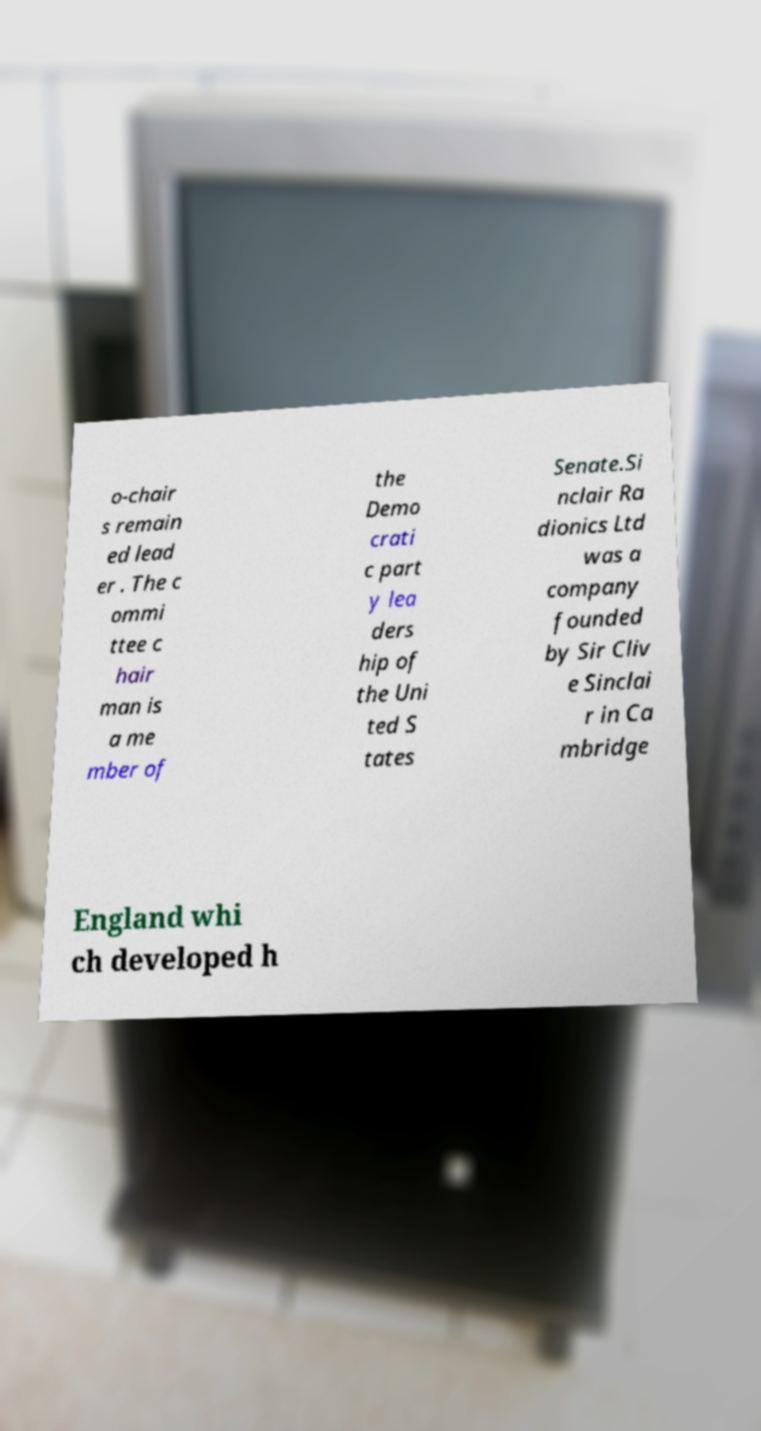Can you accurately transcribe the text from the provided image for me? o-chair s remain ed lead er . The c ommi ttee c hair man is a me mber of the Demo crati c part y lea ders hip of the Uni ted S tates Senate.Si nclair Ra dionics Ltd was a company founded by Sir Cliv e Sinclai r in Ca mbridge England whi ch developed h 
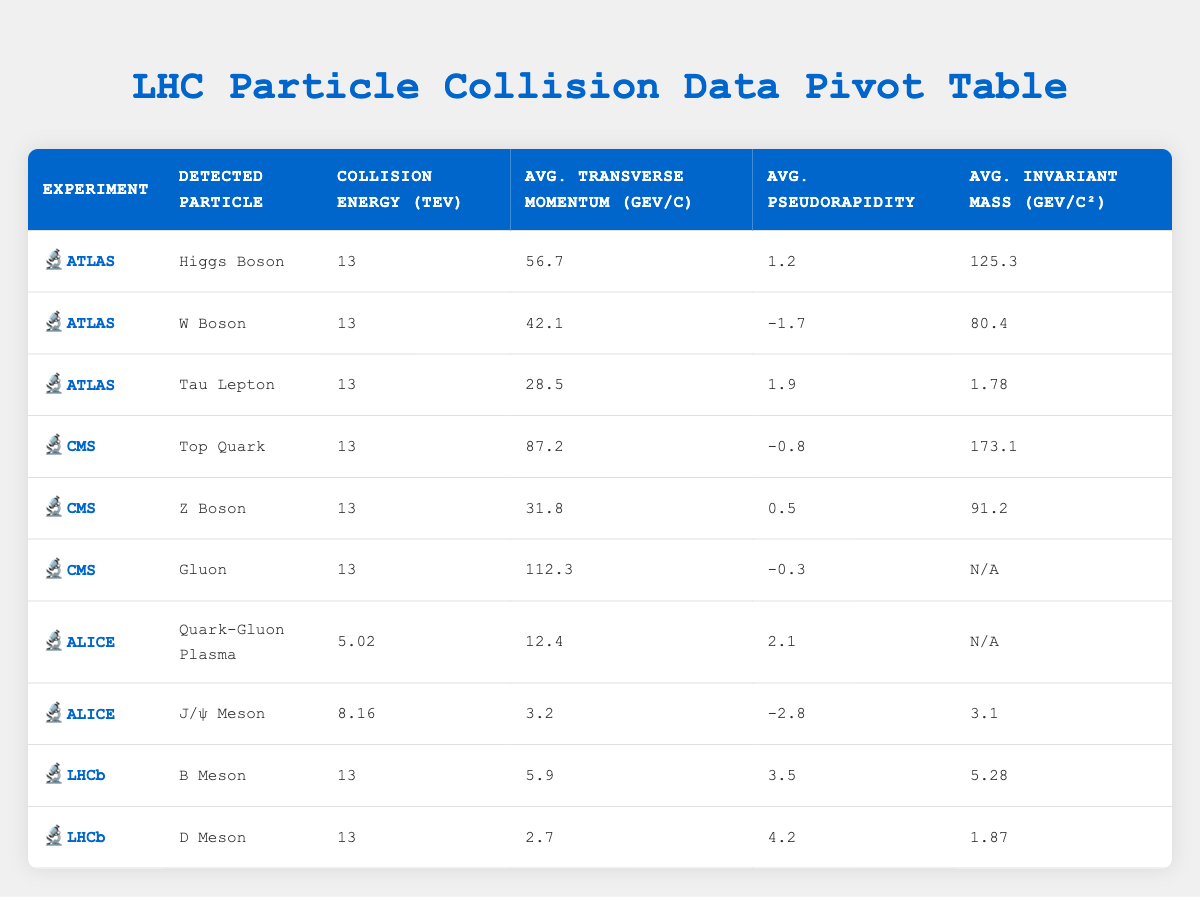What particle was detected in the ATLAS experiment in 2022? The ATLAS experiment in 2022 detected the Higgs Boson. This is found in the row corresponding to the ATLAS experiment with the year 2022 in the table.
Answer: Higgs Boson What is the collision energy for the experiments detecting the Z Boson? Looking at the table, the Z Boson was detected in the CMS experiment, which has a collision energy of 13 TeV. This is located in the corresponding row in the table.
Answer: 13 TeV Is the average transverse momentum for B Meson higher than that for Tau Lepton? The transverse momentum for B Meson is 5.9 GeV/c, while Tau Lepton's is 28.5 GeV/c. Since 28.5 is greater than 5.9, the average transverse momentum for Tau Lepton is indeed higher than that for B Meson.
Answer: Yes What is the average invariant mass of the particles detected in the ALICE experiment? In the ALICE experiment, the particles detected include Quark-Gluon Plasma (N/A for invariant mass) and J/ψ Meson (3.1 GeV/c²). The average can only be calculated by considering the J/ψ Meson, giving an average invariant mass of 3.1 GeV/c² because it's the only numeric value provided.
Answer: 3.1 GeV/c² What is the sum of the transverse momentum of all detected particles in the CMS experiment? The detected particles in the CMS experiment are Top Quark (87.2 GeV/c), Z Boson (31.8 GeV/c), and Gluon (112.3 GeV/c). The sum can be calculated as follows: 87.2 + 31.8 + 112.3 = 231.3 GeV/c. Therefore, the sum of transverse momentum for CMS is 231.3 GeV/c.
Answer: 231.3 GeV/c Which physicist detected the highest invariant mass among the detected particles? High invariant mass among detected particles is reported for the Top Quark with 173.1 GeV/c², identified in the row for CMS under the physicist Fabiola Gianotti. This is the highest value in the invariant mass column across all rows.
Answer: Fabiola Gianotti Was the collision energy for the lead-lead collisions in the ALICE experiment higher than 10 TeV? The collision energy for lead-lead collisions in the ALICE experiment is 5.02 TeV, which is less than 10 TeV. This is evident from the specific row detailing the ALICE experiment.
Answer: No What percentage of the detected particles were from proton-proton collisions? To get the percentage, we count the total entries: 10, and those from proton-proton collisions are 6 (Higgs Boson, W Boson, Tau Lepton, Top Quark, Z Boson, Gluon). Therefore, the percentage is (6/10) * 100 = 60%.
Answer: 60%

#####

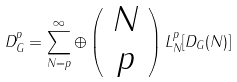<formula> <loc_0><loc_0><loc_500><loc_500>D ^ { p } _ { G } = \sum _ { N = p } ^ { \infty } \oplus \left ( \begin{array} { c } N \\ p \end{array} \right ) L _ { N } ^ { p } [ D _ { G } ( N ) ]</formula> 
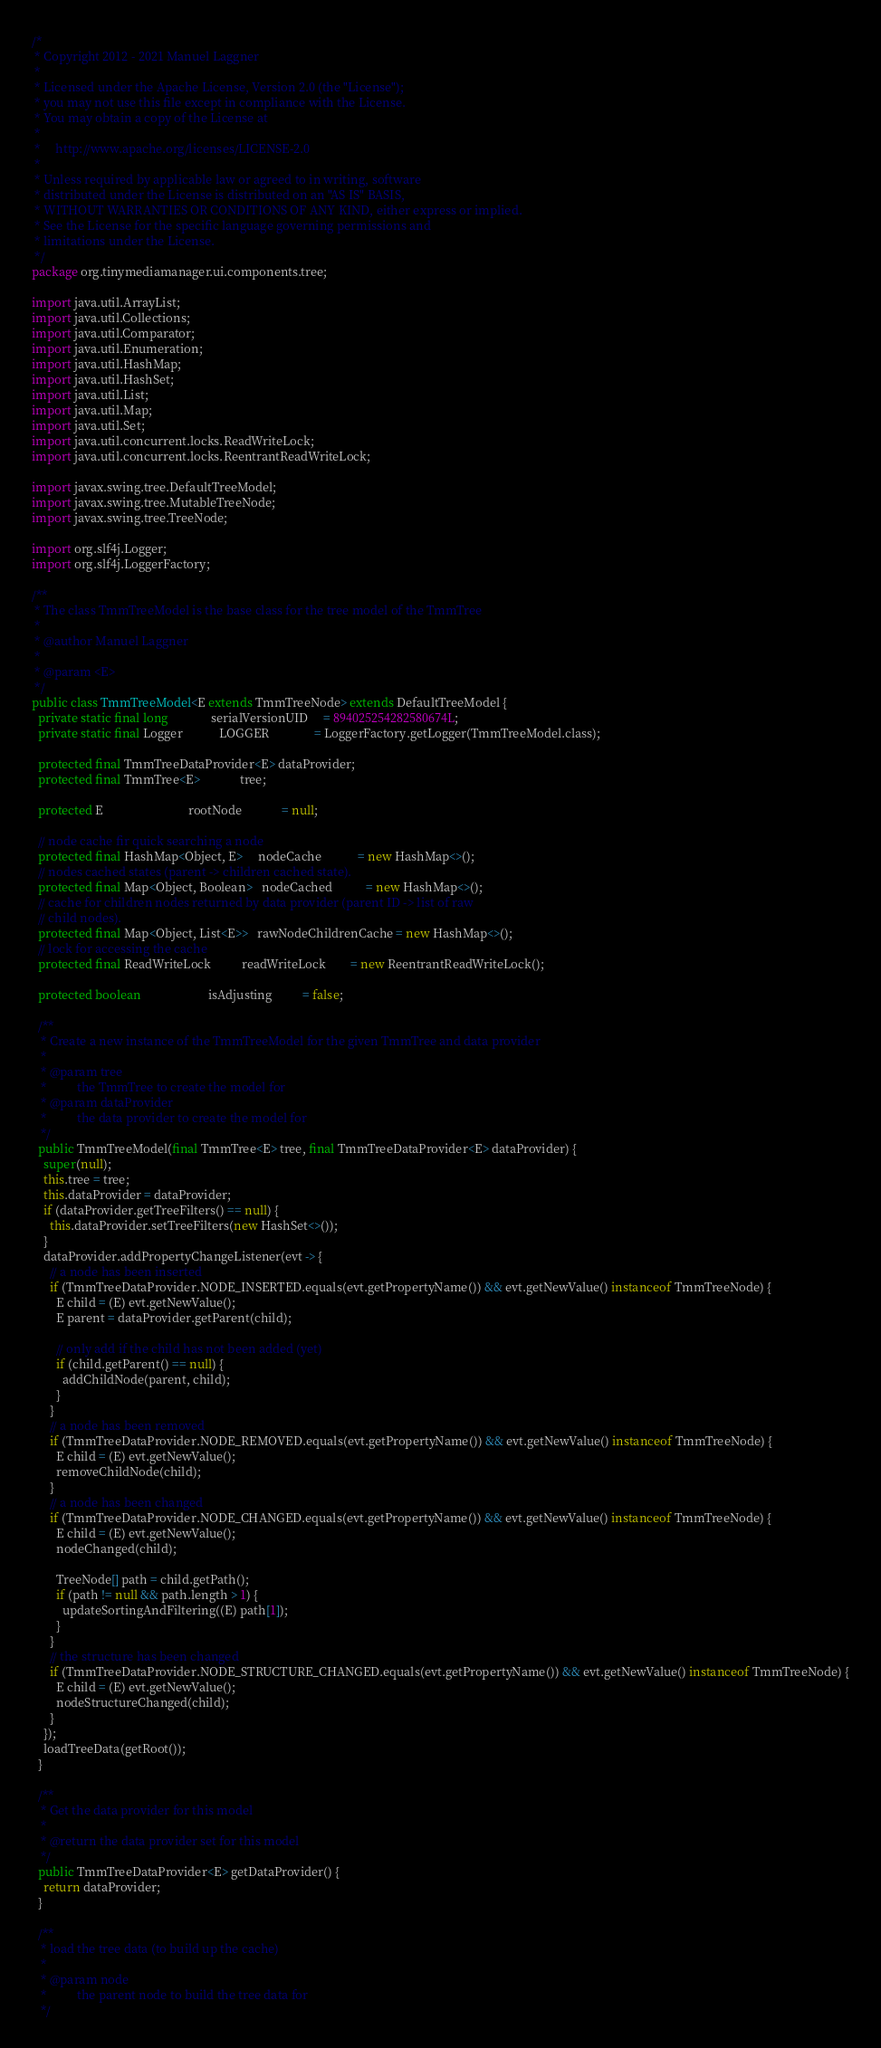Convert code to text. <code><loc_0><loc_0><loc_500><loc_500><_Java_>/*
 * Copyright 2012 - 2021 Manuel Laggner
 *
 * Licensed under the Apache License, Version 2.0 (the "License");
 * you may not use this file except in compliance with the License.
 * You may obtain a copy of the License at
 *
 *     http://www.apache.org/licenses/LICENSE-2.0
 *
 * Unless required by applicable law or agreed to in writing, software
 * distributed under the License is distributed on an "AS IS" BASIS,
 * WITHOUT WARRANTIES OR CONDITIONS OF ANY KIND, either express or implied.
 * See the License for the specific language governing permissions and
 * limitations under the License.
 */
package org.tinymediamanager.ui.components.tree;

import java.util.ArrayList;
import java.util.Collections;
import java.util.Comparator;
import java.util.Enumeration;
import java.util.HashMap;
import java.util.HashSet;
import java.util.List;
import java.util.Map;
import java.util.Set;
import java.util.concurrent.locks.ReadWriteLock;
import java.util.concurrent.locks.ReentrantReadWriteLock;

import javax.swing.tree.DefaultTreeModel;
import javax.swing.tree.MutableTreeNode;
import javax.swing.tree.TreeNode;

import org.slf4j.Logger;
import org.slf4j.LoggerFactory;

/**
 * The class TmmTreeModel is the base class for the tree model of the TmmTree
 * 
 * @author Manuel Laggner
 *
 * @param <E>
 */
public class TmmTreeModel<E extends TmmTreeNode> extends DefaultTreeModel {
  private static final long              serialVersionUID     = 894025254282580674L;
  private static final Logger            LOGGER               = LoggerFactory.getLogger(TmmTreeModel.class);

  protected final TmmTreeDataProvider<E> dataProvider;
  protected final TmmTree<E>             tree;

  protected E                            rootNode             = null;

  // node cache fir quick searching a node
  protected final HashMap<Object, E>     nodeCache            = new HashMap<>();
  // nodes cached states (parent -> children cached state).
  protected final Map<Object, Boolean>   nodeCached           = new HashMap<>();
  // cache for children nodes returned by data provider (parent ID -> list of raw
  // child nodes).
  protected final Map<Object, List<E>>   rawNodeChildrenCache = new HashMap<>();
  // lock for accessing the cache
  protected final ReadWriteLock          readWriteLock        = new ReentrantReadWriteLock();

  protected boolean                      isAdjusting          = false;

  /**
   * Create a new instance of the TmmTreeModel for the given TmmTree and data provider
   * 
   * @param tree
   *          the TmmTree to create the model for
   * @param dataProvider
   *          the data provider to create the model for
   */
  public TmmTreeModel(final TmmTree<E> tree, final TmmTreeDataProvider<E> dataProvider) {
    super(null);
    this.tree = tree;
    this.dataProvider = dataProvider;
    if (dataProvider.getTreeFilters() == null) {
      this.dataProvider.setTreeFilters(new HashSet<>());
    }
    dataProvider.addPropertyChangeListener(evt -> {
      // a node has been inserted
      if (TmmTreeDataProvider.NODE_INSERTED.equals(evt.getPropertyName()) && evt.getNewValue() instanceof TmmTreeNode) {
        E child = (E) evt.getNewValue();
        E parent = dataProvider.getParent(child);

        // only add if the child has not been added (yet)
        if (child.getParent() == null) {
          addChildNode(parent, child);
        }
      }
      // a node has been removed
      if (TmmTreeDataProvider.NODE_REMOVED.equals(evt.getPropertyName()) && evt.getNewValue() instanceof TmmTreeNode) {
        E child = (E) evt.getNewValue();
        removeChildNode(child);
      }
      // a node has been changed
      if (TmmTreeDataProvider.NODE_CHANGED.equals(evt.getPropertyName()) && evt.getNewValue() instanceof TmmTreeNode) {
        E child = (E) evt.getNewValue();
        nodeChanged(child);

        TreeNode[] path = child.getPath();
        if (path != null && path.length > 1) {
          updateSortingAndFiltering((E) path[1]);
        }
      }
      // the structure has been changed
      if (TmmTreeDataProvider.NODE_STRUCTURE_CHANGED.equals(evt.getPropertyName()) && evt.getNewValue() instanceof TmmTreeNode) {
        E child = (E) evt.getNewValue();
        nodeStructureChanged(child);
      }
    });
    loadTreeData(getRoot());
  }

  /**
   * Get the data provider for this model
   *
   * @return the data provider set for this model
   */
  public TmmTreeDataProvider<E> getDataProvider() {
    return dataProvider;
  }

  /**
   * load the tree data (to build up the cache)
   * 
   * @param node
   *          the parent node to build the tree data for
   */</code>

#####

TRY IT — In the records above, find the line with "Can you accurately" and the line with "Answer: 231.3 GeV/c", then restate word for word only those two lines and all lines between, omitting pictures.

PROBLEM SOLUTION —
Can you accurately transcribe the text from the provided image for me? o-chair s remain ed lead er . The c ommi ttee c hair man is a me mber of the Demo crati c part y lea ders hip of the Uni ted S tates Senate.Si nclair Ra dionics Ltd was a company founded by Sir Cliv e Sinclai r in Ca mbridge England whi ch developed h 
What particle was detected in the ATLAS experiment in 2022? The ATLAS experiment in 2022 detected the Higgs Boson. This is found in the row corresponding to the ATLAS experiment with the year 2022 in the table.
Answer: Higgs Boson What is the collision energy for the experiments detecting the Z Boson? Looking at the table, the Z Boson was detected in the CMS experiment, which has a collision energy of 13 TeV. This is located in the corresponding row in the table.
Answer: 13 TeV Is the average transverse momentum for B Meson higher than that for Tau Lepton? The transverse momentum for B Meson is 5.9 GeV/c, while Tau Lepton's is 28.5 GeV/c. Since 28.5 is greater than 5.9, the average transverse momentum for Tau Lepton is indeed higher than that for B Meson.
Answer: Yes What is the average invariant mass of the particles detected in the ALICE experiment? In the ALICE experiment, the particles detected include Quark-Gluon Plasma (N/A for invariant mass) and J/ψ Meson (3.1 GeV/c²). The average can only be calculated by considering the J/ψ Meson, giving an average invariant mass of 3.1 GeV/c² because it's the only numeric value provided.
Answer: 3.1 GeV/c² What is the sum of the transverse momentum of all detected particles in the CMS experiment? The detected particles in the CMS experiment are Top Quark (87.2 GeV/c), Z Boson (31.8 GeV/c), and Gluon (112.3 GeV/c). The sum can be calculated as follows: 87.2 + 31.8 + 112.3 = 231.3 GeV/c. Therefore, the sum of transverse momentum for CMS is 231.3 GeV/c.
Answer: 231.3 GeV/c Which physicist detected the highest invariant mass among the detected particles? High invariant mass among detected particles is reported for the Top Quark with 173.1 GeV/c², identified in the row for CMS under the physicist Fabiola Gianotti. This is the highest value in the invariant mass column across all rows.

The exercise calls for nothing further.